スパイウェア「Pegasus」最新版はiOS 14.6のエクスプロイト悪用──Amnestyが解説
Amnesty Internationalが公開したNSO Groupのスパイウェア「Pegasus」に関するレポートによると、「iOS 14.6」搭載の「iPhone 12」でも攻撃成功が確認された。Appleは声明文で「圧倒的多数のユーザーにとっては脅威ではない」と語った。
人権団体Amnesty Internationalが7月18日に公開したイスラエルNSO Groupのスパイウェア「Pegasus」に関するフォレンジックレポートによると、米AppleのiPhoneの場合、18日時点の最新版「iOS 14.6」に更新済みの「iPhone 12」でもPegasus感染が確認されたという。
Appleは19日、「iOS 14.7」をリリースしたが、セキュリティ関連のアップデート情報については本稿執筆現在「詳細は間もなく」になっている。
Amnestyのレポートでは主にiPhoneをターゲットとする攻撃が解説されているが、「これはAndroidなどと比較してiOS端末のセキュリティが相対的に低いということではなく」、フォレンジックトレースの対象としてAndroidよりもiOS端末が多かったためとAmnestyは説明した。

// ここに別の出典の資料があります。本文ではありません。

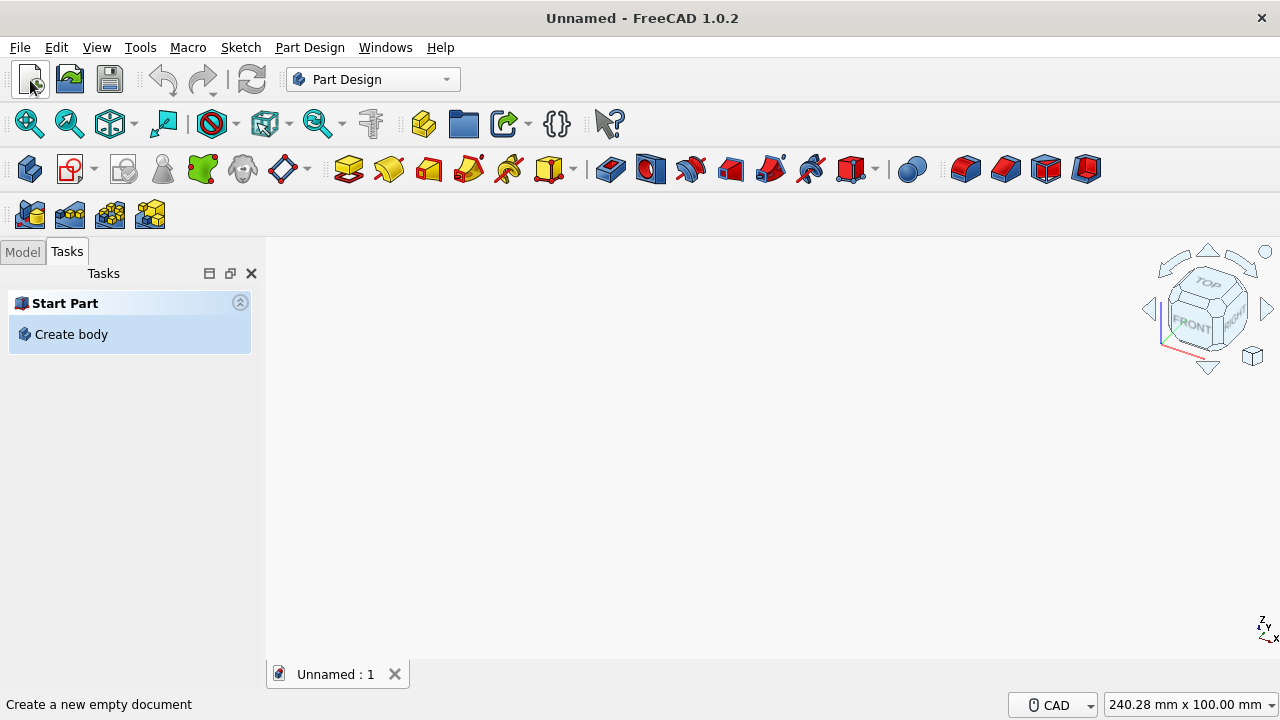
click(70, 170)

Pegasusについては18日、米Washington Postが同メディアの記者を含む記者や人権活動家、企業幹部のスマートフォンにPegasusが不当にインストールされ、悪用されたと報じた。同メディアは攻撃対象になったとみられる37台のスマートフォンをフォレンジックトレースしたところ、攻撃の成功が確認されたとしている。
iOS 14.6およびiPadOS 14.6で悪用されるのはiMessageの脆弱性。このエクスプロイトはユーザーがクリックしなくても攻撃が開始される「ゼロクリック」攻撃という。
Amnestyは2014年7月から2021年7月までのPegasusによる攻撃について解説している。このレポートで、NSOがiOSの脆弱性を悪用し、それをAppleが修正するとすぐにNSOが別の脆弱性を悪用するという流れが現在まで続いていることが分かる。
Appleのセキュリティエンジニアリングおよびアーキテクチャの責任者、イワン・クリスティック氏は米Washington Postなどに対し、「Appleは、ジャーナリストや人権活動家など、世界をより良くしようとしている人々に対するサイバー攻撃を非難する。Appleは10年以上にわたり、セキュリティのイノベーションで業界をリードしてきた。その結果、セキュリティ研究者は、iPhoneが市場で最も安全でな消費者向けモバイル端末であることに同意している。(Amnestyが)説明するような攻撃は非常に洗練されており、開発には数百万ドルかかる。こうした攻撃は多くの場合、特定の個人を標的にするために使われる。つまり、圧倒的多数のユーザーにとっては脅威ではないということだ。それでもわれわれはすべての顧客を守るためにたゆまぬ努力を続けており、セキュリティ更新を続けている」という声明文を送った。
Amnestyはこのレポートのために構築したPegasus検出ツール「Mobile Verification Toolkit」(MVT)をGitHubで公開した。
このツールで、iOSシステム、アプリデータベース、システムログの記録の解析や、Adroid端末の診断情報のadbプロトコル経由の抽出などが可能。ただし、コマンドラインを使うなど、ターミナル操作の基本的な知識が必要だ。